Xinhua, May 15, 2011
Afghan children look after family
Likewise Shah Jan, many children are seen in Afghan streets, bazaars and brick kilns working from dawn to dusk to earn meager income to support their families
By Abdul Haleem, Zhang Jianhua
"I have no choice but to sell shopping bags to support our family. My elder brother also works on street because our father is disabled," an Afghan child who introduced himself as Shah Jan told Xinhua on Sunday.
Dressed in grubby clothes and shouting up "shopping bags, shopping bags" in a crowded downtown bazaar in the Afghan capital Kabul to attract buyers, the poor Shah Jan, 7, whispered that he could earn 50 to 80 Afghanis (1 U.S. dollars up to 1.80 U.S. dollars) a day.
Afghan children sorts bricks at the Sadat Ltd. Brick factory, where they work from 8am to 5 pm daily, on May 14, 2010 in Kabul, Afghanistan. Child labour is common at the brick factories where the parents work as labourers, desperate to make more money enlisting their children to help doing the easy jobs. (May 13, 2010 - Photo: Majid Saeedi/Getty Images Europe)
When asked whether his father sends him to work, Jan shrugged and murmured, "Bomb blast handicapped him two years ago and since then the responsibility of the family had rested on me and my brother."
Jan's brother Khan Agha, 9, has also been shouldering the responsibility to support the seven-member family.

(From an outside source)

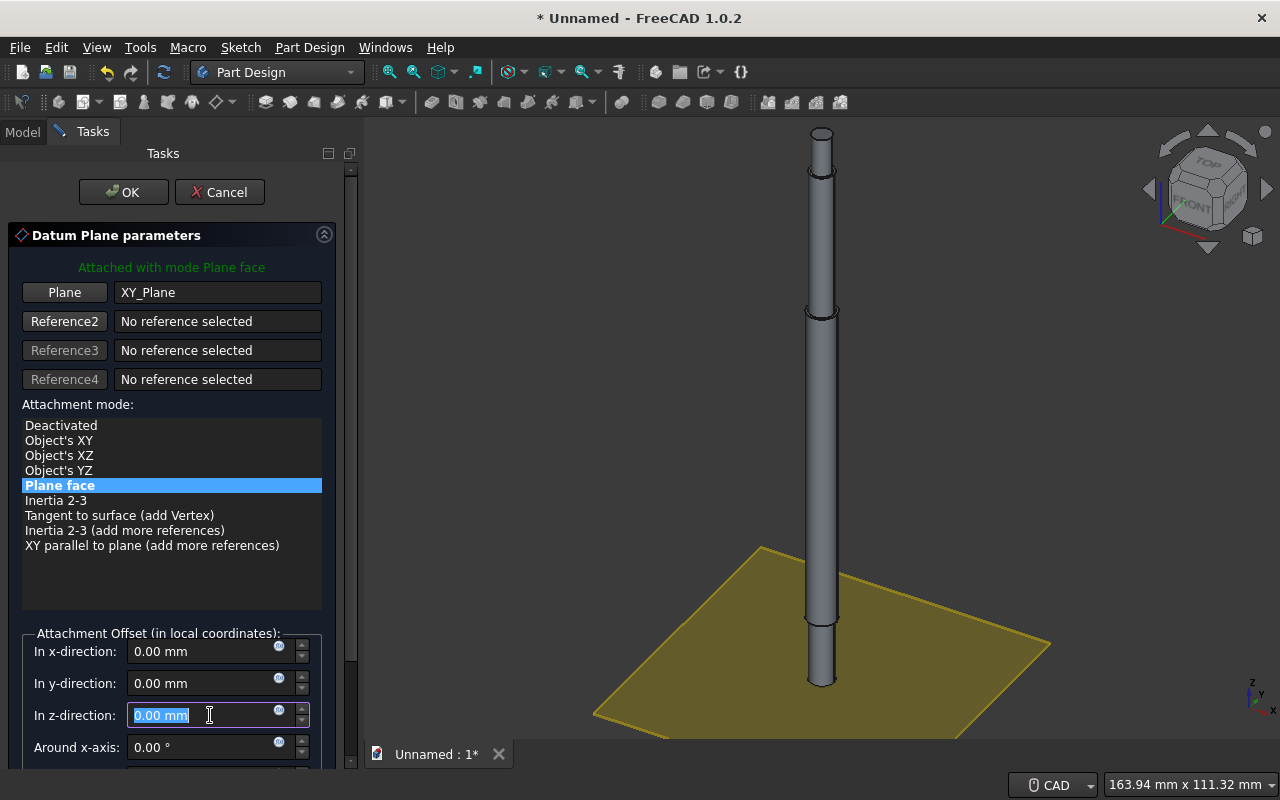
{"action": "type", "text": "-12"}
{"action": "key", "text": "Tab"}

"Khan Agha often works as car washer alongside a stream in Kabul," Jan murmured, adding he (Khan Agha) earns up to 150 Afghanis (3 U.S. dollars) a day.
Jan and his brother Khan Agha are not alone in the war-ravaged Afghanistan bearing the brunt of endemic conflicts.
Killing, destruction, orphans and disabled people are the legacy of over three decades of war in Afghanistan.
There is no exact figure on how many people had lost their precious lives in Afghan violent incidents in 2010. According to UN report, 2,777 civilians had been killed in the militancy-ridden country last year.
Majority of the war victims in Afghanistan are the bread earners of their families.
Likewise Shah Jan, many children are seen in Afghan streets, bazaars and brick kilns working from dawn to dusk to earn meager income to support their families.
Nevertheless, Jan is among the luckiest ones, living in the capital city Kabul and attending school in the morning shift to build his future and working in the afternoon to support his war- shuttered family.
The number of Afghan innocent children that the war has forced them to give up childish sweet era and shoulder family responsibility is quite high.
Even though there is no official statistic about the number of street children in the war-torn Afghanistan, numerous of juveniles involved in child labor is seen in city streets elsewhere in the country.
"By polishing shoes I support my six-member family," said Zaman, 12, wandering on a street in Kabul.